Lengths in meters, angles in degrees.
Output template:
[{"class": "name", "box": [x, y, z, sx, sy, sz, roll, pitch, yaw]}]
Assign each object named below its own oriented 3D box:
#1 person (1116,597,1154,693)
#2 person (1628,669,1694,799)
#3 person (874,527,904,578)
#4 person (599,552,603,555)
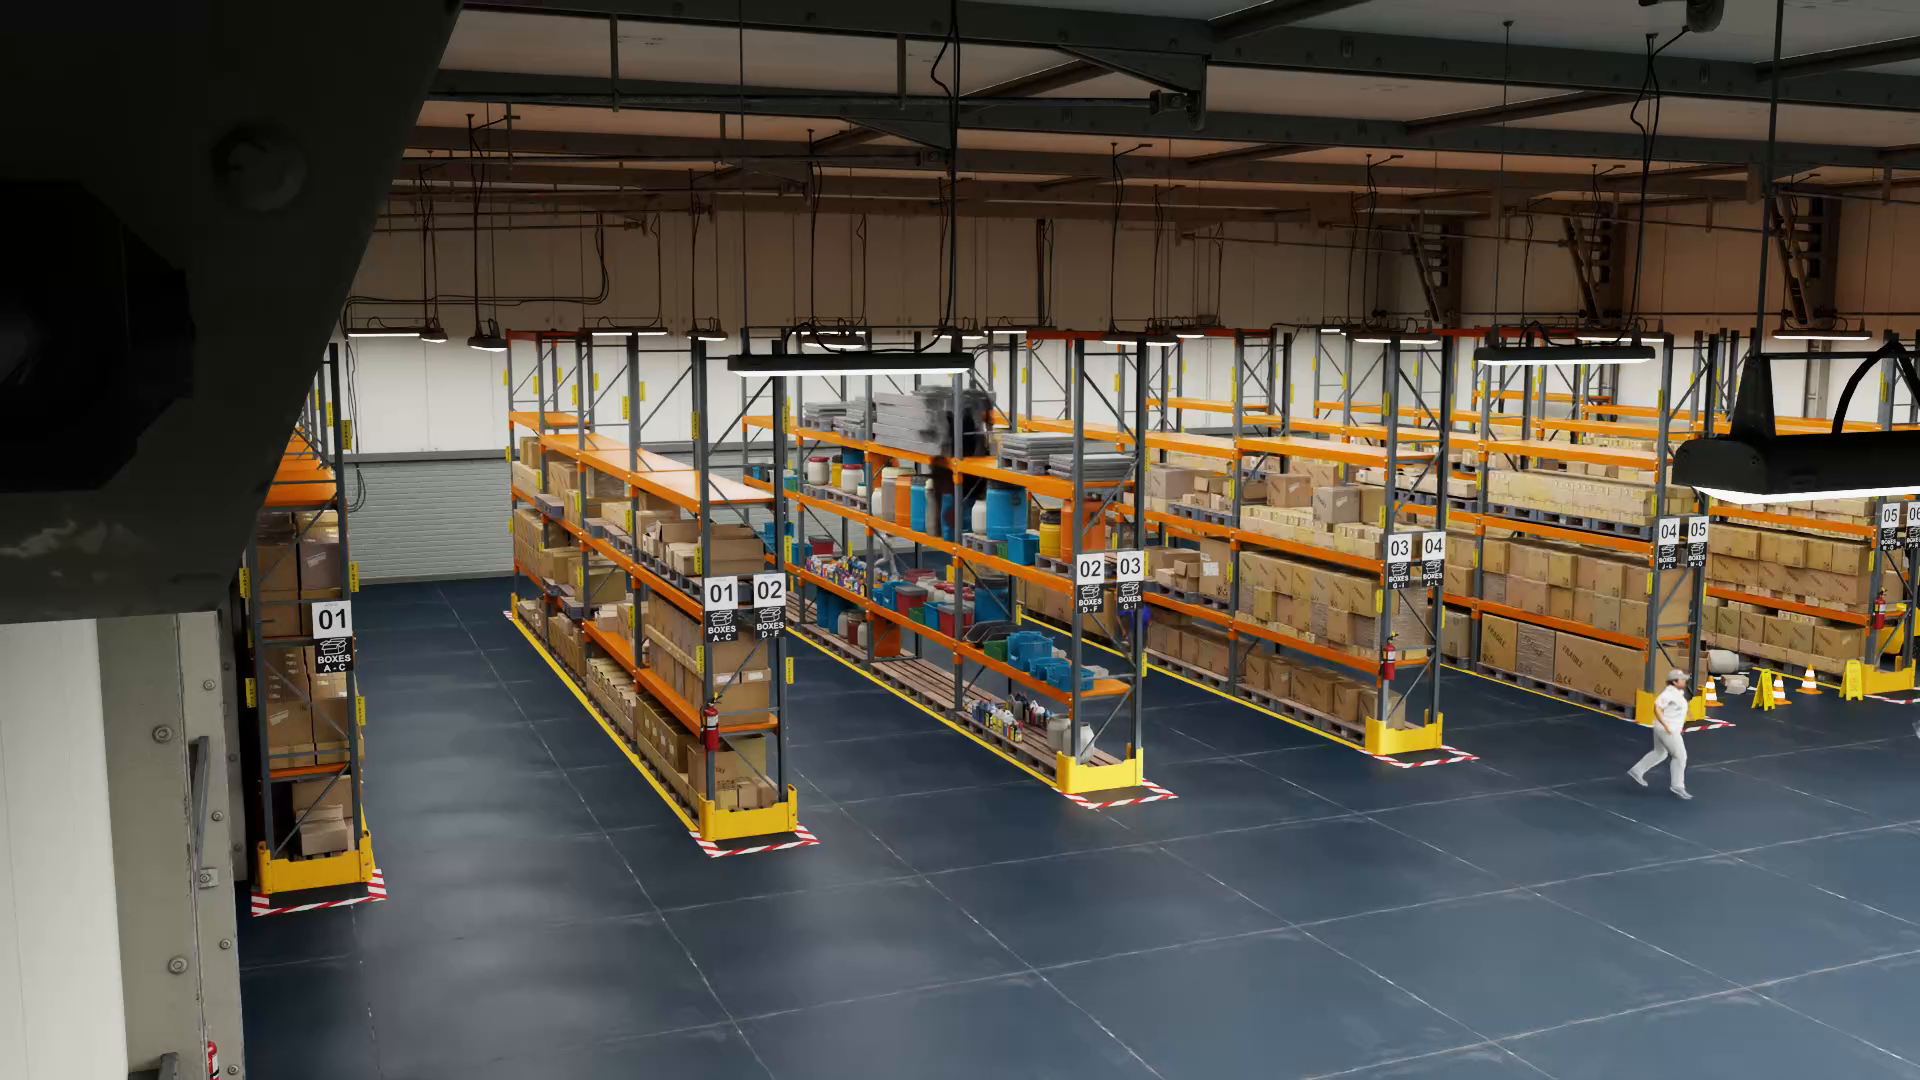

---

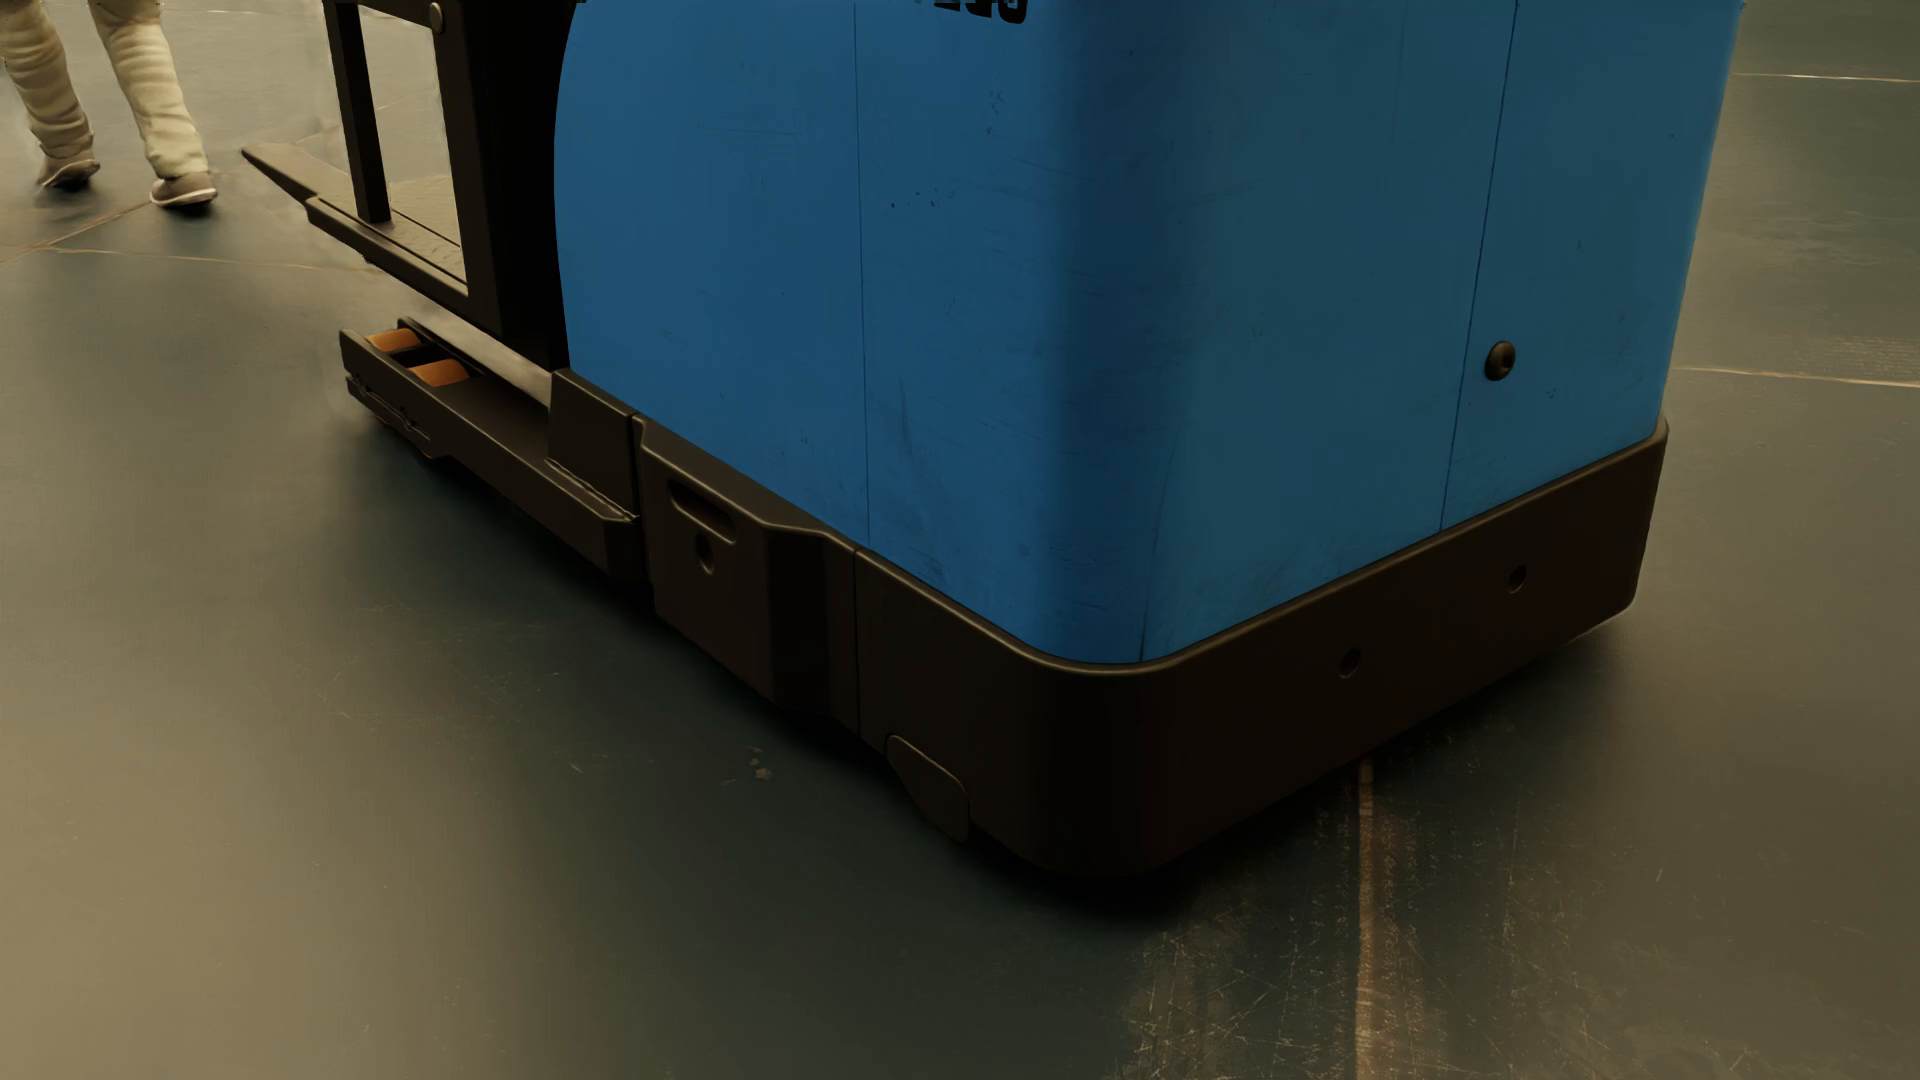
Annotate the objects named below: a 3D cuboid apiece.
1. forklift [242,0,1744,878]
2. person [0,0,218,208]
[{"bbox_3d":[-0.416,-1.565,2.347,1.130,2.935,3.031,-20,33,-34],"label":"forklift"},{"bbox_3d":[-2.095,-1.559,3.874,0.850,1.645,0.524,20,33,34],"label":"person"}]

> _TASK TO COMPLETE_
Scan the records above for the lines holding "#1 person (1116,597,1154,693)" and "#4 person (599,552,603,555)". Transcribe those two and every line between them word for word, and no others.

> _RESULT OF THIS TASK_
#1 person (1116,597,1154,693)
#2 person (1628,669,1694,799)
#3 person (874,527,904,578)
#4 person (599,552,603,555)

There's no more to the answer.